Version 0.5.0 - 20 March 2013

- Added full support for CUDA 5.0, including the Tesla K20 and other
  GK110 ("Kepler 2") GPUs.  QUDA has yet to be fully optimized for
  GK110, however.

- Added multi-GPU support for the domain wall action, to be further
  optimized in a future release.

- Added official support for the QDP-JIT library, enabled via the
  "--enable-qdp-jit" configure option.  With the combination of QUDA
  and QDP-JIT, Chroma runs almost entirely on the GPU.

- Added a fortran interface, found in include/quda_fortran.h and
  lib/quda_fortran.F90.

- QUDA is now compatible with the Berlin QCD (BQCD) package,
  supporting both Wilson and Clover solvers, including support for
  multiple GPUs.  This currently requires a specific branch of BQCD
  (https://github.com/lattice/bqcd-r399-quda).

- Added a new interface function, initCommsGridQuda(), for declaring
  the mapping of MPI ranks (or QMP node IDs) to the logical grid used
  for communication.  This finally completes the MPI interface, which
  previously relied on an undocumented function internal to QUDA.
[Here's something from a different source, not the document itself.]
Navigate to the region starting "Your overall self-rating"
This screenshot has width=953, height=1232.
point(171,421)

- Added a new interface function, setVerbosityQuda(), to allow for
  finer-grained control of status reporting.  See the description in
  include/quda.h for details.

- Merged wilson_dslash_test and domain_wall_dslash_test together into
  a unified dslash_test, and likewise for invert_test.  The staggered
  tests are still separate for now.

- Moved all internal symbols behind a namespace, "quda", for better
  insulation from external applications and libraries.
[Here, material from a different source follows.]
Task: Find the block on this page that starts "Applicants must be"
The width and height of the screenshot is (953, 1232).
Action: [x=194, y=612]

- Vastly improved the stability and accuracy of the multi-shift CG
  solver.  The invertMultiShiftQuda() interface function now supports
  mixed precision and implements per-shift refinement after the
  multi-shift solver completes to ensure accuracy of the final result.
  The old invertMultiShiftQudaMixed() interface function has been
  removed.  In addition, the multi-shift solver now supports setting
  the convergence tolerance on a per-pole basis via the tol_offset[]
  member of QudaInvertParam.

- Improved the stability and accuracy of mixed-precision CG.  As a
  result, mixed double/single CG yields a virtually identical iteration
  count to pure double CG, and using half precision is now a win.

- Added support for the Fermilab heavy-quark residual as a stopping
  condition in BiCGstab, CG, and GCR.  To minimize the impact on
  performance, the heavy-quark residual is only measured every 10
  iterations (for BiCGstab and CG) or only when the solution is computed
  (for GCR).  This stopping condition has also been incorporated into the
  sequential CG refinement stage of the multi-shift solver.  The
  tolerance for the heavy-quark residual is set via the "tol_hq"
  member of QudaInvertParam (and "tol_hq_offset" for the
  multi-shift solver).  The "residual_type" member selects the
  desired stopping condition(s): L2 relative residual, Fermilab
  heavy-quark residual, or both.  Note that the heavy-quark residual
  is not supported on cards with compute capability 1.1, 1.2, or 1.3
  (i.e., those predating the "Fermi" architecture) due to hardware
  limitations.

- The value of the true residual(s) are now returned in the true_res
  and (for multi-shift) true_res_offset members of the QudaInvertParam
  struct.  When using heavy quark residual stopping condition, the
  true_res_hq and true_res_hq_offset members are additionally filled
  with the heavy-quark residual value(s).

- The BiCGstab solver now supports an initial-guess strategy.  This is
  presently only supported when employing a one-pass solve and does
  not yet work for a two-pass solve (e.g., of the normal equations).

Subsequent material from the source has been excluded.